A expressão "moda" vinha a propósito da divisão feita nos EEUU entre Beat Zen e Square Zen, pois enquanto o último se caracterizava como ortodoxo ("quadrado"), o Beat representava uma onda, uma mistura de conceitos, destinada a se tornar coqueluche entre os jovens. Foi esse Zen (o beat) que mais se tornou popular e influenciou a arte.

Surgia assim a nova poesia norte-americana, representada pela San Francisco Renaissance que, no dizer de Jack Kerouac é "um gênero da velha e nova loucura Zen, poesia que volta às origens, verdadeiramente oral". Rompia assim a poesia beat com toda a tradição poética que se formava nos Estados Unidos. Com a divulgação dos textos teóricos e de criação do grupo, as universidades e as revistas especializadas em arte terminaram sendo invadidas pelo novo procedimento, a ponto de mudar o curso d a poesia nova do País.

Mas, como sabemos, uma tendência em arte pode surgir, simultaneamente, em vários lugares, independentemente de interinfluências. Guardadas as proporções impostas pelo contexto, temos na moderna poesia baiana um caso, talvez único, de poeta cujo trabalho apresenta alguma consonância com o dos novos poetas americanos do norte. Trata-se de Antonio Brasileiro, que vacila entre o apurado exercício formal e a livre expressão verbal. O caminho de Brasileiro foi, de certa maneira, parecido com o da geração poética beat ou da San Francisco Renaissance. Houve uma descoberta do Oriente, de Lao Tsé, do Taoísmo, dos textos budistas e, finalmente, de Suzuki, com o Zen. A diferença é que Brasileiro não se filiou à onda beat; ciente da sua condição de poeta e do seu sentimento de um ocidental, procurou conhecer o Zen como elemento de adição cultural. Não aderiu a uma moda, mas reuniu ao seu inventário elementos até então desconhecidos e capazes de motivar uma reformulação, no sentido dialético.

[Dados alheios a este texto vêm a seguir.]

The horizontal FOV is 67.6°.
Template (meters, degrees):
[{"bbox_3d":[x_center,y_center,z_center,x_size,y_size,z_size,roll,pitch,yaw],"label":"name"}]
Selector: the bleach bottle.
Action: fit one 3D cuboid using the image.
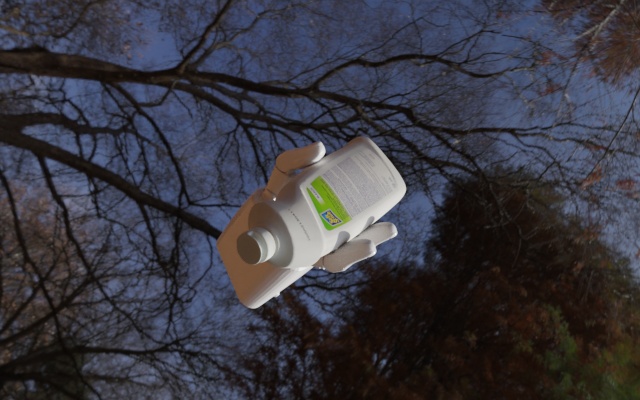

Caracterizada assim a atitude estética do poeta, vejamos o seu "Estudo 124" ¾ do pequeno volume Estudos — publicado pelas Edições Cordel:

Desce sobre mim a paz do longe,
a paz do sublime.
Ergo meus olhos: o horizonte
eleva-se no ar, flutua.
O sol se esquece de ir embora e dança,
silencioso,
a valsa sideral dos astros loucos.
As árvores cochicham e olham, mudas,
o insólito.
As beldroegas do campo também sabem
que é enorme o segredo.
Uma coluna vertebral de nuvens
medita o mundo.
O horizonte levita.
A brisa não move as folhas dos arbustos;
escuta. E um calango
brinca em meus pés pois sabe que sou puro.

Realiza, assim, uma poesia fluente e de clara presença do elemento orientalizante, quer seja no livro "Estudos" ou em outros poemas, como "Dos Diálogos do Deus com Agapanto", publicado pela editora dos monges beneditinos, no Breve Romanceiro do Natal, volume que reúne quinze poetas da Bahia.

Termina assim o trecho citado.